South Australia's premier just let rip at the federal energy minister standing next to him on live TV

Awkward. Picture: ABC

As political bunfights go, fans of the genre probably haven’t seen anything like today’s media conference between South Australian premier Jay Weatherill and federal energy minister Josh Frydenberg since the Love Actually scene in which Hugh Grant as the British PM gets stuck into Billy Bob Thornton’s US president.

Two days after Weatherill released an energy plan that Frydenberg immediately criticised and called “an admission of failure”, the state premier stood beside the federal minister and let rip at him for “trash-talking SA’s leadership in renewable technology” and having “the gall to stand here next to a renewable energy project and pretend it is happy families”.

Frydenberg was in Adelaide for the launch of an AGL renewable energy project using household batteries, supported by the Commonwealth.
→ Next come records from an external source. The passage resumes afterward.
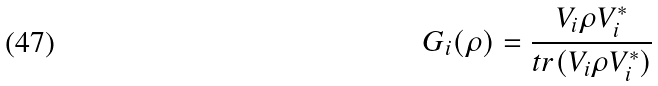Convert formula to latex. <formula><loc_0><loc_0><loc_500><loc_500>G _ { i } ( \rho ) = \frac { V _ { i } \rho V _ { i } ^ { * } } { t r ( V _ { i } \rho V _ { i } ^ { * } ) }</formula> 
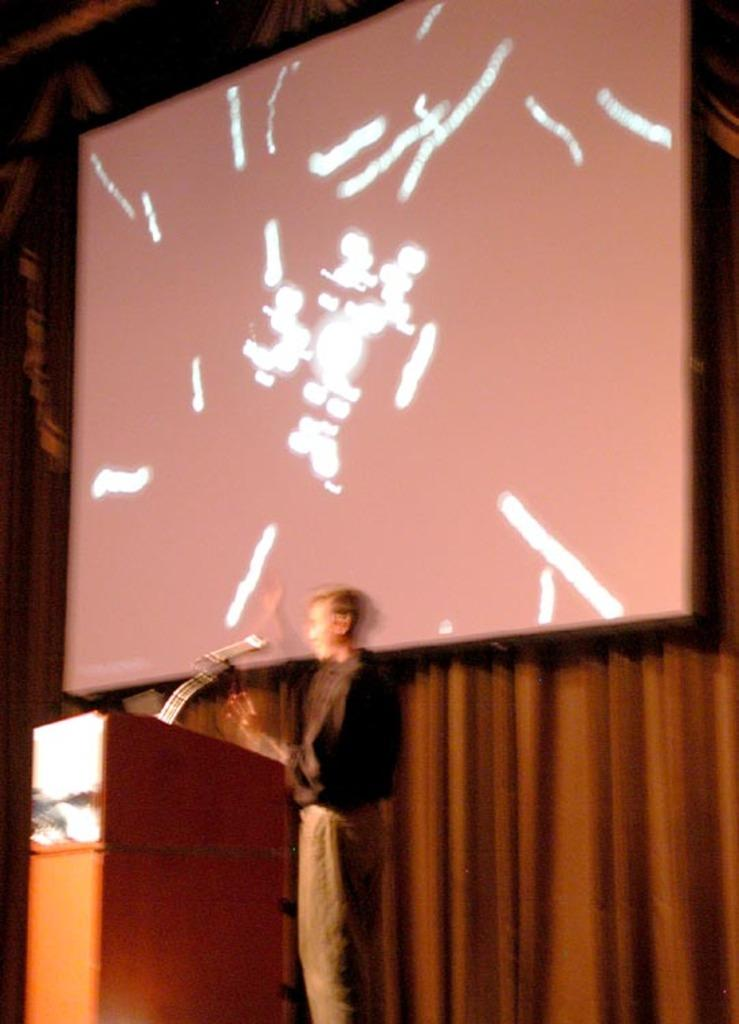What is the main subject of the image? There is a person standing in the center of the image. What is the person standing in front of? There is a podium in front of the person. What is on the podium? There is a microphone on the podium. What can be seen in the background of the image? There is a screen and a curtain in the background of the image. Can you see the person's partner in the image? There is no mention of a partner in the image, so it cannot be determined if one is present. What type of ocean can be seen in the background of the image? There is no ocean present in the image; it features a screen and a curtain in the background. 
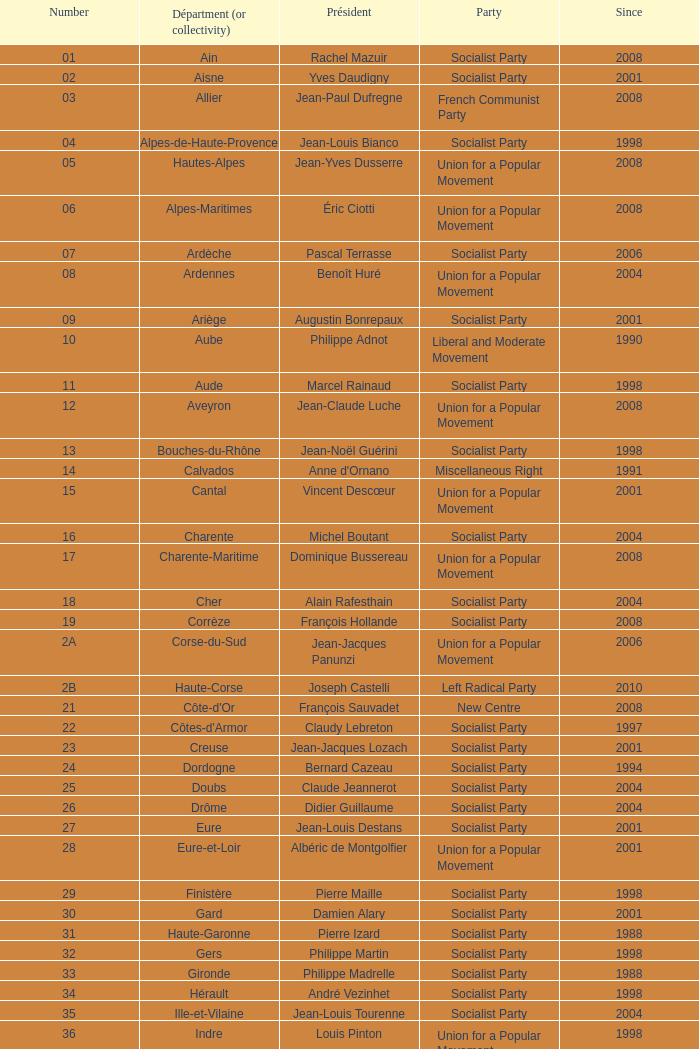Who is the president for the creuse department? Jean-Jacques Lozach.

Weatherill was apparently initially left off the invite list, but scored a last minute seat.

The federal minister took his chance to berate the premier who “has a big job to do to explain to the South Australia people why, on his watch, the lights went out, not once, not twice, not three times but four times” and why power costs more in the state.

“Coming into this to crash tackle us at this announcement where he hasn’t put any money into this important initiative, which the Commonwealth and AGL have, just shows you, unfortunately, how desperate he is,” he said.

The premier then took a verbal baseball bat to the federal minister and Turnbull government, which today announced plans for a $2 billion upgrade to the Snowy Hydro system that will take several years to complete.

That proposal added to Weatherill’s anger, who called it a “$2 billion insult today where money is being spent to keep the lights on in Sydney at a time when we’re facing energy shortages over the coming summer”.

The SA premier, who faces re-election in 12 months after Labor has been in power for 15 years, returned serve on the Commonwealth’s Snowy plan as a “white knuckled panic about national energy policy”.

“It’s a $2 billion admission that the national energy market has broken and there needs to be public investments to actually fix it up,” he said.

“We’re not going to wait four to seven years though to invest in some Snowy hydro.”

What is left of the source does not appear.